# PTVnet Upgrade



## greglwood (Nov 29, 2009)

I just purchased PTVNet and Instantcake along with a Trendnet USB ethernet adapter all from DVRupgade.com a few days ago. I baked a brand new hard drive and installed it in a SD-DVR40 (hughes) directivo box and the unit comes up fine and seems to work. 

However the lights never come on on the adapter. I tried the adapter on my laptop and it works fine. I also baked and installed another hard drive in a DVR2 which seems to have the exact same problem. It would appear that it is not enabling the usb ports. 


SW-ICAKE-S2DT-DL-151 InstantCake 6.2a for Series2 DirecTV Units (download) 19.99
SW-PTVNET-DL-151 PTVnet SD 6.x for select DirecTV TiVo DVR Systems (download)


Thanks in advance,
Gretg


----------



## stevel (Aug 23, 2000)

DVRupgrade.com has its own forum where questions on its products can be asked. In general, the lights won't come on until a driver recognizes the adapter. So you need to talk to the DVRupgrade.com folks about PTVnet.


----------



## greglwood (Nov 29, 2009)

Steve,

I did just that. That forum pretty much looks dead. Only a couple dozen or so posting in the last month and most of those are unanswered questions.
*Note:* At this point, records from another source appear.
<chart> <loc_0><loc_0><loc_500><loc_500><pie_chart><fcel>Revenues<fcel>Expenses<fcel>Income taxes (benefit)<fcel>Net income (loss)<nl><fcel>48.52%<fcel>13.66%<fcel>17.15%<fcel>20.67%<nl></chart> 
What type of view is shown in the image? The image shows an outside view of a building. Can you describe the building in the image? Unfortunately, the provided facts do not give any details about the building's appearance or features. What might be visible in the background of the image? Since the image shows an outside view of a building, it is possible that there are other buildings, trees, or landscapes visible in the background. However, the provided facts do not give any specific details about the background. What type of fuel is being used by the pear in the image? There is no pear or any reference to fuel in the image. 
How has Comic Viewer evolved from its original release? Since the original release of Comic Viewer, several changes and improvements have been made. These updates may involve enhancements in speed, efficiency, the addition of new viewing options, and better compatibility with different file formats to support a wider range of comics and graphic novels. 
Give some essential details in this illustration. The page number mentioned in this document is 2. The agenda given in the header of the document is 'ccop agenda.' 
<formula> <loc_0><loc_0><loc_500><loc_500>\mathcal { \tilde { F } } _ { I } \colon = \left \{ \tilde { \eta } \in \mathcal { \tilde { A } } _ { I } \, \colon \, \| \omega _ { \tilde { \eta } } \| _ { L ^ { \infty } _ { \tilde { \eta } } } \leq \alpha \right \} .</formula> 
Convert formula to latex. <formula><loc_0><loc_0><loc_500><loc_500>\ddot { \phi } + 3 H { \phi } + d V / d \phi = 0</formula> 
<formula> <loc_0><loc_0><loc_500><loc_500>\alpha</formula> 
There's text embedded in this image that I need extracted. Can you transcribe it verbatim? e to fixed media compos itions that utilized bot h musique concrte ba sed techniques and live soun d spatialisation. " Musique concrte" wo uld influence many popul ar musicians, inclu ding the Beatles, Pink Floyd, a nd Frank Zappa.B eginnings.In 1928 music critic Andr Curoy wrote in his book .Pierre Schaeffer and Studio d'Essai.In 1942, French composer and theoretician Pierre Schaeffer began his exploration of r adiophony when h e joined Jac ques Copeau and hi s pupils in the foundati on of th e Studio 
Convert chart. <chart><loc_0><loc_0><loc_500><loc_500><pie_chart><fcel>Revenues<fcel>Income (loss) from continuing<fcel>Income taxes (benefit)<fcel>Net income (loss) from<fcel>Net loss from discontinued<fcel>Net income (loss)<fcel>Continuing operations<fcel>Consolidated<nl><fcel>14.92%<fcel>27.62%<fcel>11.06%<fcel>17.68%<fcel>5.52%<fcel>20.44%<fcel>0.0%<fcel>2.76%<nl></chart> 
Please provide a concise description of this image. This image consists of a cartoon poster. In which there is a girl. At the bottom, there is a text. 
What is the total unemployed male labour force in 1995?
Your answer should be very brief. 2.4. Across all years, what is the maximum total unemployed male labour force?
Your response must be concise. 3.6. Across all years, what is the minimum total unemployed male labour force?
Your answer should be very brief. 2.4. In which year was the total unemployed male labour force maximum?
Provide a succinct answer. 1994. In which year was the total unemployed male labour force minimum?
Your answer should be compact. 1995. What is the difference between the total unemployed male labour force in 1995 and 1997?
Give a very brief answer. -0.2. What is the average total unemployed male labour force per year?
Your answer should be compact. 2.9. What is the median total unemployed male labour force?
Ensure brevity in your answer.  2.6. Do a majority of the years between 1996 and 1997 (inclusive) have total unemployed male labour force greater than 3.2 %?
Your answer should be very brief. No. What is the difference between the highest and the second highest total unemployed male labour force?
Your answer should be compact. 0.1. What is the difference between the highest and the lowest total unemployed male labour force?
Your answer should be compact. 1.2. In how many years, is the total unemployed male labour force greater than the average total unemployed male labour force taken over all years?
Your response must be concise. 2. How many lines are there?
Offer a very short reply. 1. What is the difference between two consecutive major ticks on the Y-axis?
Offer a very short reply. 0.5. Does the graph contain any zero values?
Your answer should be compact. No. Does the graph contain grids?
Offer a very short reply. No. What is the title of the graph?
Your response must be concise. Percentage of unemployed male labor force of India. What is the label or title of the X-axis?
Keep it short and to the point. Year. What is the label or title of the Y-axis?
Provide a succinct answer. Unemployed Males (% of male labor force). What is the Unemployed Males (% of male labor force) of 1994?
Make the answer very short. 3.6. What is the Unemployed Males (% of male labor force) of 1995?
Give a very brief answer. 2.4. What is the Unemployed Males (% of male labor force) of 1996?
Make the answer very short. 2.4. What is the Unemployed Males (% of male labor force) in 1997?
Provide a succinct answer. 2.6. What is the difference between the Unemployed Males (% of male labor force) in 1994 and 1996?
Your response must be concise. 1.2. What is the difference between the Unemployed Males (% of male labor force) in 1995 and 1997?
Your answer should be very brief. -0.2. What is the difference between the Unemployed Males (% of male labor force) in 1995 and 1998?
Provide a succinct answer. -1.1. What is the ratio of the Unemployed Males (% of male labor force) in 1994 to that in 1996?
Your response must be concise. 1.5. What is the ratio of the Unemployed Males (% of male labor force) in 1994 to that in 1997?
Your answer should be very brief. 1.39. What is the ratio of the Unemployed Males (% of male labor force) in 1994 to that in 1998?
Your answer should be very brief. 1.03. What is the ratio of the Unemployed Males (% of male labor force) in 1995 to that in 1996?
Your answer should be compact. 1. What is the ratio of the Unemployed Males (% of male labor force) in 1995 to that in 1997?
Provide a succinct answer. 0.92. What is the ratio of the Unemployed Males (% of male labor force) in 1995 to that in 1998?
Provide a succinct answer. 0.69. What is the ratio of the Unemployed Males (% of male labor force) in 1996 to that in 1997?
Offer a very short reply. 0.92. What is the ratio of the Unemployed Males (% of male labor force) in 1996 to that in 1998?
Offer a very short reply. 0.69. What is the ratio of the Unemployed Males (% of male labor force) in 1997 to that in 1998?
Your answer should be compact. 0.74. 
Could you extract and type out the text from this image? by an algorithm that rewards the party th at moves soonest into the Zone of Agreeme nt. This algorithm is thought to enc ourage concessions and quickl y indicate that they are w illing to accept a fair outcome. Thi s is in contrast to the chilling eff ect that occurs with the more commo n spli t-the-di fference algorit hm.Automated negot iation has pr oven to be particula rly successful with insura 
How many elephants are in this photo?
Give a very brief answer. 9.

I purchased everything (PTVnet, InstantCake, USB Adapters, Mounting Bracket and IDE/SATA adapter from them. When I opened a ticket they immediately closed it and told me to go to the forum.

It's not like this is new tech or anything. These units and the software on them have not changed for years. Even a google search for directvio upgrades with a date limit of 12 months only returns 13 items.

I was really hoping someone on this forum would step up as it has always been very usefull to me in the past. 

Greg


----------



## cthomp21 (Jul 15, 2007)

My guess would be that you've got an imcompatible USB adapter.

The DTivo's were always pretty picky with USB 2.0 adapters (I'm assuming you enabled USB 2.0 when you ran PTVNET). The only one that works every time is the Netgear FA120.


----------



## greglwood (Nov 29, 2009)

Well that's sad to know. I purchased the Trendnet at drvupgrades suggestion.


----------



## stevel (Aug 23, 2000)

Try the Underground section of this forum.


----------



## tivoupgrade (Sep 27, 2000)

Greg,

What steps did you take when using the product? Did you read through the official PTVnet discussion thread to ensure you didn't make a mistake that someone else may have made? Did you boot with the PTVnet CD first and THEN supply InstantCake? Did you get no errors or warnings when the PTVnet portion of the installation was completed?

I do reply to inquiries on our forums almost every day, and I monitor the DIY software discussion area very closely. Did not see your posts.

Thanks,

Lou


----------



## tivoupgrade (Sep 27, 2000)

greglwood said:


> SW-ICAKE-S2DT-DL-151 InstantCake 6.2a for Series2 DirecTV Units (download) 19.99
> SW-PTVNET-DL-151 PTVnet SD 6.x for select DirecTV TiVo DVR Systems (download)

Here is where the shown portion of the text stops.